Les Jésuites frileux à l'époque de la demande d'enquête
Commencent alors quatre années de bras de fer : il faut attendre que Jean-Pierre Martin-Vallas saisisse le Vatican pour qu'un groupe d'accueil et d'écoute soit créé en 2014, mais qui n'a jamais vraiment fonctionné. Selon Jean-Pierre Martin-Vallas cette structure ne servait qu'à enterrer les choses : "C'est un groupe qui est chargé d'inviter les victimes qui se sont plaintes à prendre du thé avec les jésuites, à écouter des paroles mielleuses et onctueuses, puis à repartir ayant refermé la boîte de Pandore, avec destination de ne plus jamais en parler ."
L'un des membres de ce groupe d'accueil, le père de Kergaradec reconnaît une certaine frilosité des Jésuites à l'époque face à la demande d'enquête : "Ça avait fait peur au début quand Jean-Pierre avait parlé d'une commission d'enquête. On s'était dit on n'est pas des enquêteurs professionnels, on ne sait pas comment s'y prendre. Mais il faut étudier ça de près ".
"Aujourd'hui une chose est sûre, j'envisage de dire aux personnes qui ont été victimes que nous sommes disponibles pour les entendre. Est-ce que je dois faire une enquête ? Honnêtement je ne peux pas vous répondre aujourd'hui"
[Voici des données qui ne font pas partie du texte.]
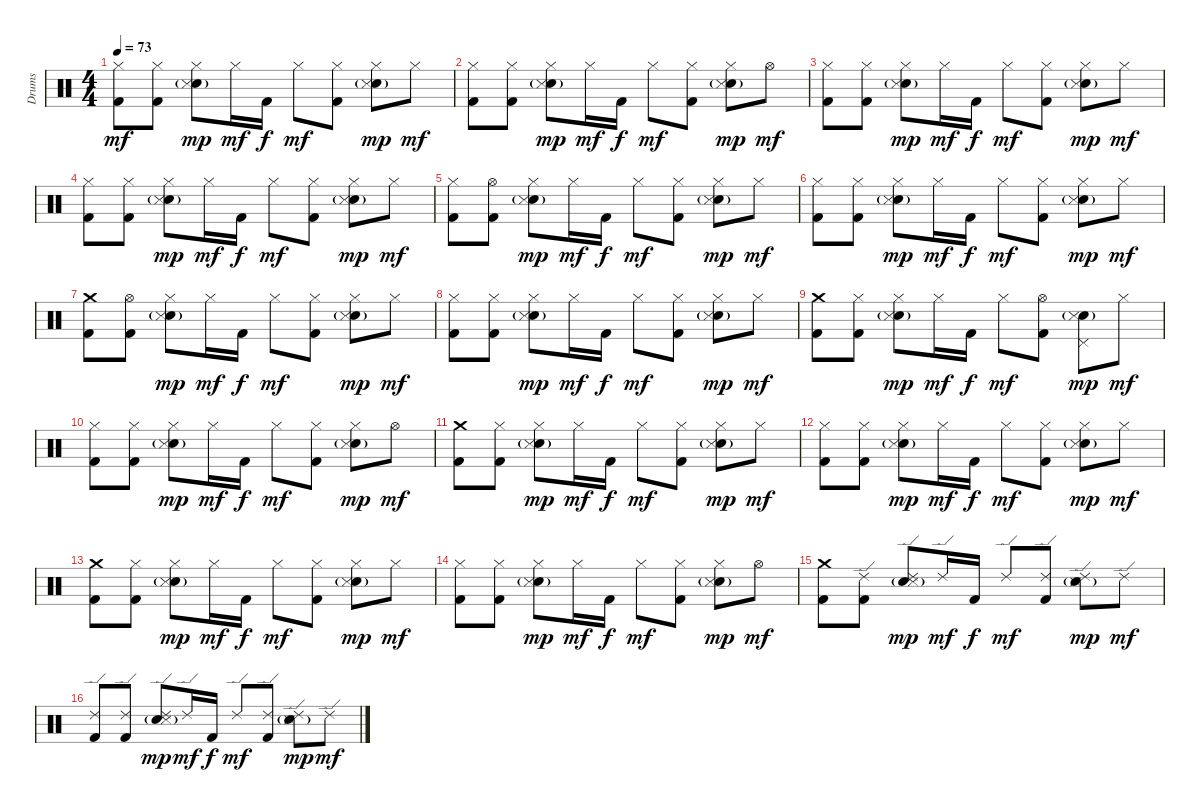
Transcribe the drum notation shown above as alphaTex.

\track ("Drums" "Drums") {instrument percussion}
\staff {score}
\articulation defaults
\ts (4 4)
\tempo 73
\clef neutral
\ks c
("Hi-Hat (closed)" "Kick (hit) 2").8{dy mf} ("Hi-Hat (closed)" "Kick (hit) 2").8 ("Hi-Hat (closed)" "Snare (hit) 2"{g} "Snare (side stick) 3").8{dy mp} "Hi-Hat (closed)".16{dy mf} "Kick (hit) 2".16{dy f} "Hi-Hat (closed)".8{dy mf} ("Hi-Hat (closed)" "Kick (hit) 2").8 ("Hi-Hat (closed)" "Snare (hit) 2"{g} "Snare (side stick) 3").8{dy mp} "Hi-Hat (closed)".8{dy mf} |
("Hi-Hat (closed)" "Kick (hit) 2").8 ("Hi-Hat (closed)" "Kick (hit) 2").8 ("Hi-Hat (closed)" "Snare (hit) 2"{g} "Snare (side stick) 3").8{dy mp} "Hi-Hat (closed)".16{dy mf} "Kick (hit) 2".16{dy f} "Hi-Hat (closed)".8{dy mf} ("Hi-Hat (closed)" "Kick (hit) 2").8 ("Hi-Hat (closed)" "Snare (hit) 2"{g} "Snare (side stick) 3").8{dy mp} "Hi-Hat (open)".8{dy mf} |
("Hi-Hat (closed)" "Kick (hit) 2").8 ("Hi-Hat (closed)" "Kick (hit) 2").8 ("Hi-Hat (closed)" "Snare (hit) 2"{g} "Snare (side stick) 3").8{dy mp} "Hi-Hat (closed)".16{dy mf} "Kick (hit) 2".16{dy f} "Hi-Hat (closed)".8{dy mf} ("Hi-Hat (closed)" "Kick (hit) 2").8 ("Hi-Hat (closed)" "Snare (hit) 2"{g} "Snare (side stick) 3").8{dy mp} "Hi-Hat (closed)".8{dy mf} |
("Hi-Hat (closed)" "Kick (hit) 2").8 ("Hi-Hat (closed)" "Kick (hit) 2").8 ("Hi-Hat (closed)" "Snare (hit) 2"{g} "Snare (side stick) 3").8{dy mp} "Hi-Hat (closed)".16{dy mf} "Kick (hit) 2".16{dy f} "Hi-Hat (closed)".8{dy mf} ("Hi-Hat (closed)" "Kick (hit) 2").8 ("Hi-Hat (closed)" "Snare (hit) 2"{g} "Snare (side stick) 3").8{dy mp} "Hi-Hat (closed)".8{dy mf} |
("Hi-Hat (closed)" "Kick (hit) 2").8 ("Hi-Hat (open)" "Kick (hit) 2").8 ("Hi-Hat (closed)" "Snare (hit) 2"{g} "Snare (side stick) 3").8{dy mp} "Hi-Hat (closed)".16{dy mf} "Kick (hit) 2".16{dy f} "Hi-Hat (closed)".8{dy mf} ("Hi-Hat (closed)" "Kick (hit) 2").8 ("Hi-Hat (closed)" "Snare (hit) 2"{g} "Snare (side stick) 3").8{dy mp} "Hi-Hat (closed)".8{dy mf} |
("Hi-Hat (closed)" "Kick (hit) 2").8 ("Hi-Hat (closed)" "Kick (hit) 2").8 ("Hi-Hat (closed)" "Snare (hit) 2"{g} "Snare (side stick) 3").8{dy mp} "Hi-Hat (closed)".16{dy mf} "Kick (hit) 2".16{dy f} "Hi-Hat (closed)".8{dy mf} ("Hi-Hat (closed)" "Kick (hit) 2").8 ("Hi-Hat (closed)" "Snare (hit) 2"{g} "Snare (side stick) 3").8{dy mp} "Hi-Hat (closed)".8{dy mf} |
("Crash medium (hit)" "Kick (hit) 2").8 ("Hi-Hat (open)" "Kick (hit) 2").8 ("Hi-Hat (closed)" "Snare (hit) 2"{g} "Snare (side stick) 3").8{dy mp} "Hi-Hat (closed)".16{dy mf} "Kick (hit) 2".16{dy f} "Hi-Hat (closed)".8{dy mf} ("Hi-Hat (closed)" "Kick (hit) 2").8 ("Hi-Hat (closed)" "Snare (hit) 2"{g} "Snare (side stick) 3").8{dy mp} "Hi-Hat (closed)".8{dy mf} |
("Hi-Hat (closed)" "Kick (hit) 2").8 ("Hi-Hat (closed)" "Kick (hit) 2").8 ("Hi-Hat (closed)" "Snare (hit) 2"{g} "Snare (side stick) 3").8{dy mp} "Hi-Hat (closed)".16{dy mf} "Kick (hit) 2".16{dy f} "Hi-Hat (closed)".8{dy mf} ("Hi-Hat (closed)" "Kick (hit) 2").8 ("Hi-Hat (closed)" "Snare (hit) 2"{g} "Snare (side stick) 3").8{dy mp} "Hi-Hat (closed)".8{dy mf} |
("Crash medium (hit)" "Kick (hit) 2").8 ("Hi-Hat (closed)" "Kick (hit) 2").8 ("Hi-Hat (closed)" "Snare (hit) 2"{g} "Snare (side stick) 3").8{dy mp} "Hi-Hat (closed)".16{dy mf} "Kick (hit) 2".16{dy f} "Hi-Hat (closed)".8{dy mf} ("Hi-Hat (open)" "Kick (hit) 2").8 ("Pedal Hi-Hat (hit)" "Snare (hit) 2"{g} "Snare (side stick) 3").8{dy mp} "Hi-Hat (closed)".8{dy mf} |
("Hi-Hat (closed)" "Kick (hit) 2").8 ("Hi-Hat (closed)" "Kick (hit) 2").8 ("Hi-Hat (closed)" "Snare (hit) 2"{g} "Snare (side stick) 3").8{dy mp} "Hi-Hat (closed)".16{dy mf} "Kick (hit) 2".16{dy f} "Hi-Hat (closed)".8{dy mf} ("Hi-Hat (closed)" "Kick (hit) 2").8 ("Hi-Hat (closed)" "Snare (hit) 2"{g} "Snare (side stick) 3").8{dy mp} "Hi-Hat (open)".8{dy mf} |
("Crash medium (hit)" "Kick (hit) 2").8 ("Hi-Hat (closed)" "Kick (hit) 2").8 ("Hi-Hat (closed)" "Snare (hit) 2"{g} "Snare (side stick) 3").8{dy mp} "Hi-Hat (closed)".16{dy mf} "Kick (hit) 2".16{dy f} "Hi-Hat (closed)".8{dy mf} ("Hi-Hat (closed)" "Kick (hit) 2").8 ("Hi-Hat (closed)" "Snare (hit) 2"{g} "Snare (side stick) 3").8{dy mp} "Hi-Hat (closed)".8{dy mf} |
("Hi-Hat (closed)" "Kick (hit) 2").8 ("Hi-Hat (closed)" "Kick (hit) 2").8 ("Hi-Hat (closed)" "Snare (hit) 2"{g} "Snare (side stick) 3").8{dy mp} "Hi-Hat (closed)".16{dy mf} "Kick (hit) 2".16{dy f} "Hi-Hat (closed)".8{dy mf} ("Hi-Hat (closed)" "Kick (hit) 2").8 ("Hi-Hat (closed)" "Snare (hit) 2"{g} "Snare (side stick) 3").8{dy mp} "Hi-Hat (closed)".8{dy mf} |
("Crash medium (hit)" "Kick (hit) 2").8 ("Hi-Hat (closed)" "Kick (hit) 2").8 ("Hi-Hat (closed)" "Snare (hit) 2"{g} "Snare (side stick) 3").8{dy mp} "Hi-Hat (closed)".16{dy mf} "Kick (hit) 2".16{dy f} "Hi-Hat (closed)".8{dy mf} ("Hi-Hat (closed)" "Kick (hit) 2").8 ("Hi-Hat (closed)" "Snare (hit) 2"{g} "Snare (side stick) 3").8{dy mp} "Hi-Hat (closed)".8{dy mf} |
("Hi-Hat (closed)" "Kick (hit) 2").8 ("Hi-Hat (closed)" "Kick (hit) 2").8 ("Hi-Hat (closed)" "Snare (hit) 2"{g} "Snare (side stick) 3").8{dy mp} "Hi-Hat (closed)".16{dy mf} "Kick (hit) 2".16{dy f} "Hi-Hat (closed)".8{dy mf} ("Hi-Hat (closed)" "Kick (hit) 2").8 ("Hi-Hat (closed)" "Snare (hit) 2"{g} "Snare (side stick) 3").8{dy mp} "Hi-Hat (open)".8{dy mf} |
("Crash medium (hit)" "Kick (hit) 2").8 ("Ride (edge) 2" "Kick (hit) 2").8 ("Ride (edge) 2" "Snare (hit) 2"{g} "Snare (side stick) 3").8{dy mp} "Ride (edge) 2".16{dy mf} "Kick (hit) 2".16{dy f} "Ride (edge) 2".8{dy mf} ("Ride (edge) 2" "Kick (hit) 2").8 ("Ride (edge) 2" "Snare (hit) 2"{g} "Snare (side stick) 3").8{dy mp} "Ride (edge) 2".8{dy mf} |
("Ride (edge) 2" "Kick (hit) 2").8 ("Ride (edge) 2" "Kick (hit) 2").8 ("Ride (edge) 2" "Snare (hit) 2"{g} "Snare (side stick) 3").8{dy mp} "Ride (edge) 2".16{dy mf} "Kick (hit) 2".16{dy f} "Ride (edge) 2".8{dy mf} ("Ride (edge) 2" "Kick (hit) 2").8 ("Ride (edge) 2" "Snare (hit) 2"{g} "Snare (side stick) 3").8{dy mp} "Ride (edge) 2".8{dy mf}

Mais aujourd'hui, avec le contexte qu'offre depuis quelques semaines l'affaire Barbarin, les Jésuites semblent prendre un peu plus la mesure du problème et leur responsable, le père Grenet, qui s'était opposé à l'ouverture d'une enquête interne en 2010, semble avoir un peu évolué, puisque lui-même concède : "Aujourd'hui une chose est sûre, j'envisage de dire aux personnes qui ont été victimes que nous sommes disponibles pour les entendre. Est-ce que je dois faire une enquête ? Honnêtement je ne peux pas vous répondre aujourd'hui ".
Ces propos montrent toutefois qu’il y a encore beaucoup de chemin à parcourir, avant que la lumière ne soit faite sur ces affaires, comme l’a demandé la conférence des évêques de France.